A Study of Saturn's Ring Phase Curves from HST Observations

Solar phase curves between 0.3° and 6.0° and color ratios at wavelengths λ=0.336 μm and λ=0.555 μm for Saturn's rings are presented using recent Hubble Space Telescope observations. We test the hypothesis that the phase reddening of the rings is less due to collective properties of the ring particles than to the individual properties of the ring particles. We use a modified Drossart model, the Hapke model, and the Shkuratov model to model reddening by either intraparticle shadow-hiding on fractal and normal surfaces, multiple scattering, or some combination. The modified Drossart model (including only shadowing) failed to reproduce the data. The Hapke model gives fair fits, except for the color ratios. A detailed study of the opposition effect suggests that coherent backscattering is the principal cause of the opposition surge at very small phase angles.
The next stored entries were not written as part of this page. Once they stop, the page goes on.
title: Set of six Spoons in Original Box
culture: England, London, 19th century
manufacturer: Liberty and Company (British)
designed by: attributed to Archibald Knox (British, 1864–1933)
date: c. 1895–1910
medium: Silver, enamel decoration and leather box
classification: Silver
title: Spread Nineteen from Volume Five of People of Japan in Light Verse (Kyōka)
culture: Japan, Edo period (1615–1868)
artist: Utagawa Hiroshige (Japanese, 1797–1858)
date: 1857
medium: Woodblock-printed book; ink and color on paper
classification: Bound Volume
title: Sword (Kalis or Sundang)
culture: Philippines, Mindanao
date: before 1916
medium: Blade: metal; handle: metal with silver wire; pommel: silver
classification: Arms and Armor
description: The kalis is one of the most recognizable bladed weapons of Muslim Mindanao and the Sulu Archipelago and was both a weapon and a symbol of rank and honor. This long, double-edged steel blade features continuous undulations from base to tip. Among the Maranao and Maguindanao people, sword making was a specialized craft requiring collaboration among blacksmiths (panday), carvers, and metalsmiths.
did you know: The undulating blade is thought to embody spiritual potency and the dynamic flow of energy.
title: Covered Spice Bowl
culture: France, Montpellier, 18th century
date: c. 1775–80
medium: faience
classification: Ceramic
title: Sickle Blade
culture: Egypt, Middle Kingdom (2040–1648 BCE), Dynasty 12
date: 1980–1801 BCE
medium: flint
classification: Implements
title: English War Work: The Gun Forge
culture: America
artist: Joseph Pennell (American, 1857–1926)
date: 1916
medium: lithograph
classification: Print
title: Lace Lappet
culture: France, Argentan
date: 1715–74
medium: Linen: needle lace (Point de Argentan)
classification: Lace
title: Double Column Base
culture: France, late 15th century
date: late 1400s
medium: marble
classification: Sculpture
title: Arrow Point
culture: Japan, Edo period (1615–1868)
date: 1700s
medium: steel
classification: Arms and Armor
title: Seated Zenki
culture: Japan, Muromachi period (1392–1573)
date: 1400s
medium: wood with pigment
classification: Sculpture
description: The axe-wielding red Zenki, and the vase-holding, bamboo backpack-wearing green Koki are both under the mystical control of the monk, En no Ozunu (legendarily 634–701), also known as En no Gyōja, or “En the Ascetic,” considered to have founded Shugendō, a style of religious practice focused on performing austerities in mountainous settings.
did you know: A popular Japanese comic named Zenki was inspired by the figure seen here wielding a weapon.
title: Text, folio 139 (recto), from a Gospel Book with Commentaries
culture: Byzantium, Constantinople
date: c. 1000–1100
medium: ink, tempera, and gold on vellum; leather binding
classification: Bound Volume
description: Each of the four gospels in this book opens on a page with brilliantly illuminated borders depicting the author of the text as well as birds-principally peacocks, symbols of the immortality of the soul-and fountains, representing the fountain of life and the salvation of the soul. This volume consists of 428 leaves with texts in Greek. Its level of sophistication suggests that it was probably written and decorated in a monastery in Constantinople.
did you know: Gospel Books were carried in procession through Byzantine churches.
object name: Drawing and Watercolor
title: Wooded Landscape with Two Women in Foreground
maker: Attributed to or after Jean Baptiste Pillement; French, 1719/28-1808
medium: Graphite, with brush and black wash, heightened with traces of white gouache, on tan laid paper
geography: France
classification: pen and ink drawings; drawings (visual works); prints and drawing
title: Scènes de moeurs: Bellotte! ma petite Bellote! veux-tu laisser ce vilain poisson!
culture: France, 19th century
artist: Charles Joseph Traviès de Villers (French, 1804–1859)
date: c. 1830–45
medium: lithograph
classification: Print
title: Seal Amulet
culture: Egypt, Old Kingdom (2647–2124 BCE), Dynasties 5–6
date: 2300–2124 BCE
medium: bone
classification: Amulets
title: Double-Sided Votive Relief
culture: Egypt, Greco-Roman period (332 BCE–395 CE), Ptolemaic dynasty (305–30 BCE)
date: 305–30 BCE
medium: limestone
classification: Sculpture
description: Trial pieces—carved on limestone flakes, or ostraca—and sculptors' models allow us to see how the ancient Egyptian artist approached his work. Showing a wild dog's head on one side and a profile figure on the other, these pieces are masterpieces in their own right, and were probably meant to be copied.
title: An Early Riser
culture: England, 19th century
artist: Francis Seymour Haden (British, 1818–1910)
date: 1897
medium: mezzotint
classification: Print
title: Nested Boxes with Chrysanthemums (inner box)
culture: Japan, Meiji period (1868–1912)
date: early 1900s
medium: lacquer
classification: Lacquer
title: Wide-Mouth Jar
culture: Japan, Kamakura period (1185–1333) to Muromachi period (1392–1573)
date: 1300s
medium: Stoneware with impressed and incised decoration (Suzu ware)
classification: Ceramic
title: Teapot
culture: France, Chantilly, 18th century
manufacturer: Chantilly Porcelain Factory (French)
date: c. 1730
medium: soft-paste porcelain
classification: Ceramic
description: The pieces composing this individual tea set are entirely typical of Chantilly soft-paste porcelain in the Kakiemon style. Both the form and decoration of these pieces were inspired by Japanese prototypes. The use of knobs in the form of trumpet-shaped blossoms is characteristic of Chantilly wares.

The shape of the phase curve and color ratios of each main ring regions are accurately represented by the Shkuratov model, which includes both a shadow-hiding effect and coherent backscatter enhancement. Our analysis demonstrates that in terms of particle roughness, the C ring particles are comparable to the Moon, but the Cassini division and especially the A and B ring particles are significantly rougher, suggesting lumpy particles such as often seen in models. Another conspicuous difference between ring regions is in the effective size d of regolith grains (d∼λ for the C ring particles, d∼1-10 μm for the other rings).     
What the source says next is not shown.